#### [Problem details]
Take the material below and reproduce, word for word, only the lines from the line with "Page size: 875x1241." through the line with "Identify the document".

#### [The records]
- - -

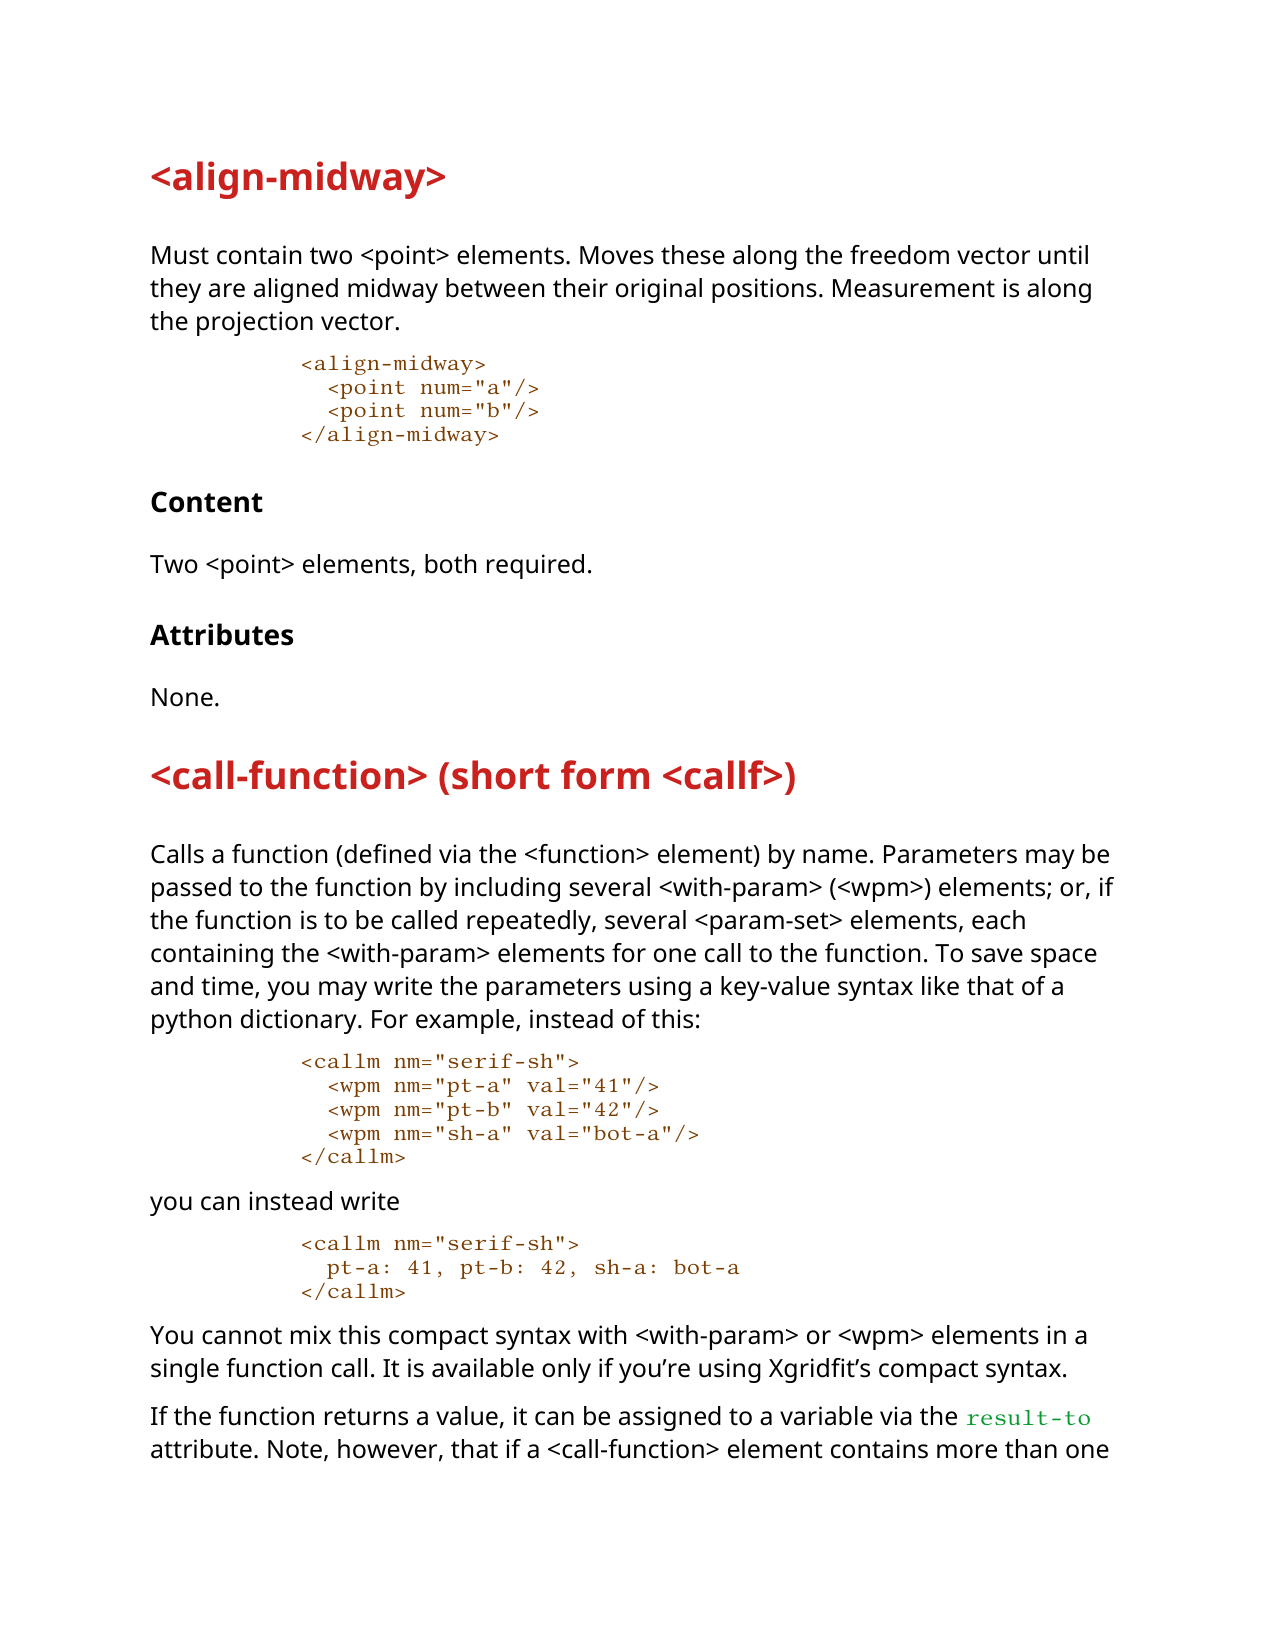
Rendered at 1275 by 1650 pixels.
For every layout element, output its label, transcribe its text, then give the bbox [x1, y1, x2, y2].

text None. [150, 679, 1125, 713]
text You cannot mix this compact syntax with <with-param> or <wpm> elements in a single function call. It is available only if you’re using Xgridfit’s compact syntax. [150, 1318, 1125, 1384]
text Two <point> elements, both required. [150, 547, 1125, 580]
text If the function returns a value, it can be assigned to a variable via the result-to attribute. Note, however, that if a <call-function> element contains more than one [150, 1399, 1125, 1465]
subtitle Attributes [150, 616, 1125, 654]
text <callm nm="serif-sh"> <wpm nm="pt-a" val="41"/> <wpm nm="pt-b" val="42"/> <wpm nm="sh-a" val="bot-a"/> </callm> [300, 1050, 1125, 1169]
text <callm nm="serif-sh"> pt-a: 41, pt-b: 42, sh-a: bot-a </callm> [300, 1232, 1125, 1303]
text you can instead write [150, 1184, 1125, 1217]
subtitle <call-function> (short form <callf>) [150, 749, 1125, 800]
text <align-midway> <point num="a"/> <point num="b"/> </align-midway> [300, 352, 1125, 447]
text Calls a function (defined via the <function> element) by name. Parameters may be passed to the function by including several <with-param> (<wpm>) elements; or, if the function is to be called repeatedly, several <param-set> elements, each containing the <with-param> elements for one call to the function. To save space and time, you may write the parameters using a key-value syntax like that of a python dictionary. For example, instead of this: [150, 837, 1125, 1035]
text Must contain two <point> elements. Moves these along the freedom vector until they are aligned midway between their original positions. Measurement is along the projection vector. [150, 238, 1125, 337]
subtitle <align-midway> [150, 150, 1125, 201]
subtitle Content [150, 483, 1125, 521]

- - -

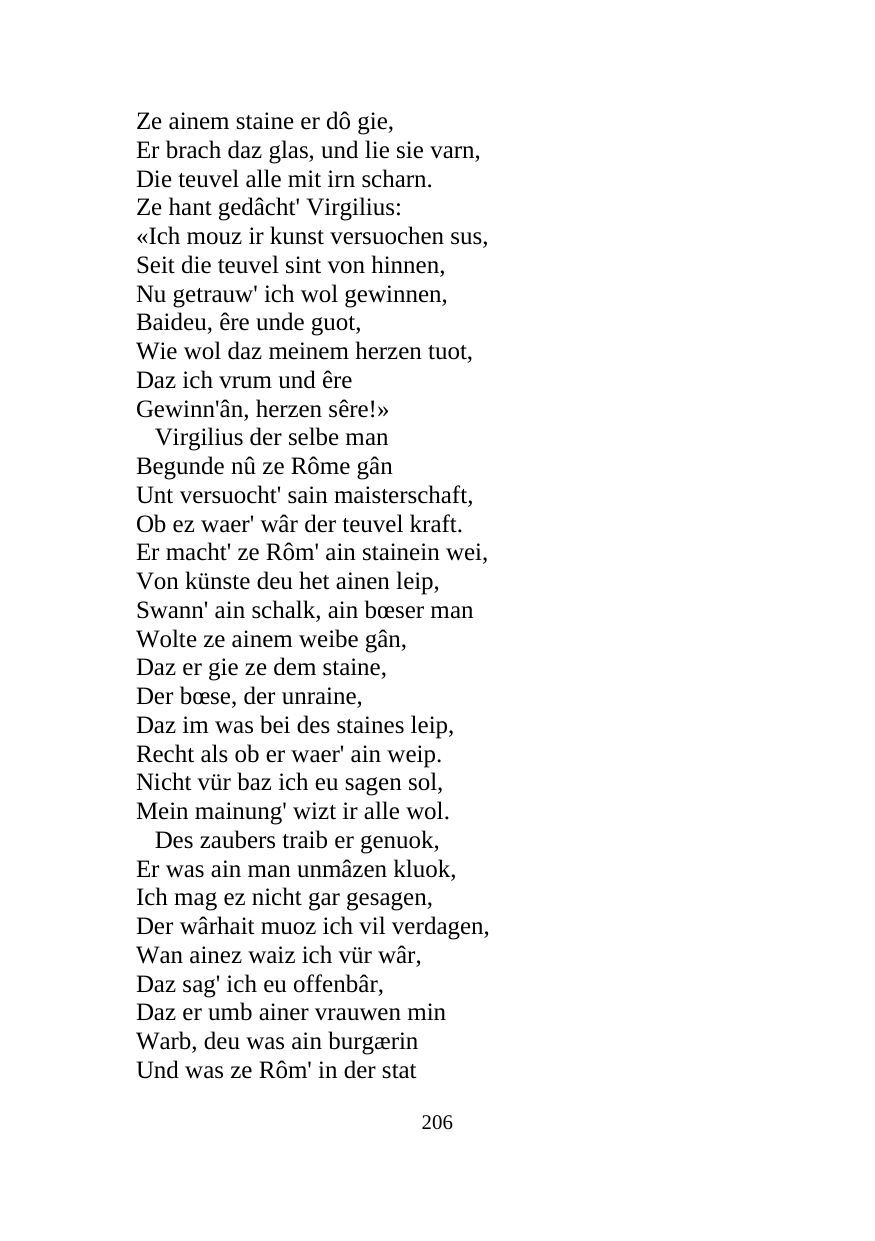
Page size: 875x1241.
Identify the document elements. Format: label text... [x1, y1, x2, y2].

- - -

#### [Problem solution]
Page size: 875x1241.
Identify the document elements. Format: label text... [x1, y1, x2, y2].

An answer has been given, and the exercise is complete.